▶ _Stored data entries_

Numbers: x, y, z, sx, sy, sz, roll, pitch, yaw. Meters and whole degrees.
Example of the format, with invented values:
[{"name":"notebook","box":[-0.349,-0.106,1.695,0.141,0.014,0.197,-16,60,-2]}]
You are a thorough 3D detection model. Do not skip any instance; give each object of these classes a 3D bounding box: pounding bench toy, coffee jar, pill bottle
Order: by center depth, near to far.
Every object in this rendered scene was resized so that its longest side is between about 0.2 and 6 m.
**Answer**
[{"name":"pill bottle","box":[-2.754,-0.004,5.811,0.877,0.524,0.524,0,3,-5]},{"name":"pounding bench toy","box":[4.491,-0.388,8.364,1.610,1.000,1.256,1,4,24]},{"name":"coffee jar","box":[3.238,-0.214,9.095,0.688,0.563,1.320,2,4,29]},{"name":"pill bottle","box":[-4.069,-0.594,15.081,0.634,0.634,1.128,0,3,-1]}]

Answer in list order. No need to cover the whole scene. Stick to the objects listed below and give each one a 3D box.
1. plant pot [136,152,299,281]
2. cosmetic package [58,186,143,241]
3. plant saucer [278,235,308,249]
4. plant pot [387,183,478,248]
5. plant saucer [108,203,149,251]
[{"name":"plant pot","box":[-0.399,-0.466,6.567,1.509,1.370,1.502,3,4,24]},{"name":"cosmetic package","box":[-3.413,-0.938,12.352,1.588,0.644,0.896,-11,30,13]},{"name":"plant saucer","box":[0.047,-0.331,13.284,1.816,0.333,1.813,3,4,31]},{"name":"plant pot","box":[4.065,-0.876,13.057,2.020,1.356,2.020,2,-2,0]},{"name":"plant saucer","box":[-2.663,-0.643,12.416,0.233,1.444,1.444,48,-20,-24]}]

---

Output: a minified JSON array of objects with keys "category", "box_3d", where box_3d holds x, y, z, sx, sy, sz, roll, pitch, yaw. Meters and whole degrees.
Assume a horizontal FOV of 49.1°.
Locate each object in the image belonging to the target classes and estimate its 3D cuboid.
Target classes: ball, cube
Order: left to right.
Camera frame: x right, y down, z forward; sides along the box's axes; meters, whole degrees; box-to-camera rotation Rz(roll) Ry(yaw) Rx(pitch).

▶ _PROBLEM DESCRIPTION_
Please reproduce the lines from the line with "Assume a horizontal FOV of 49.1°." to the line with "Camera frame: x", both ends included, exactly as they appear above.

▶ _PROBLEM SOLUTION_
Assume a horizontal FOV of 49.1°.
Locate each object in the image belonging to the target classes and estimate its 3D cuboid.
Target classes: ball, cube
Order: left to right.
Camera frame: x right, y down, z forward; sides along the box's axes; meters, whole degrees; box-to-camera rotation Rz(roll) Ry(yaw) Rx(pitch).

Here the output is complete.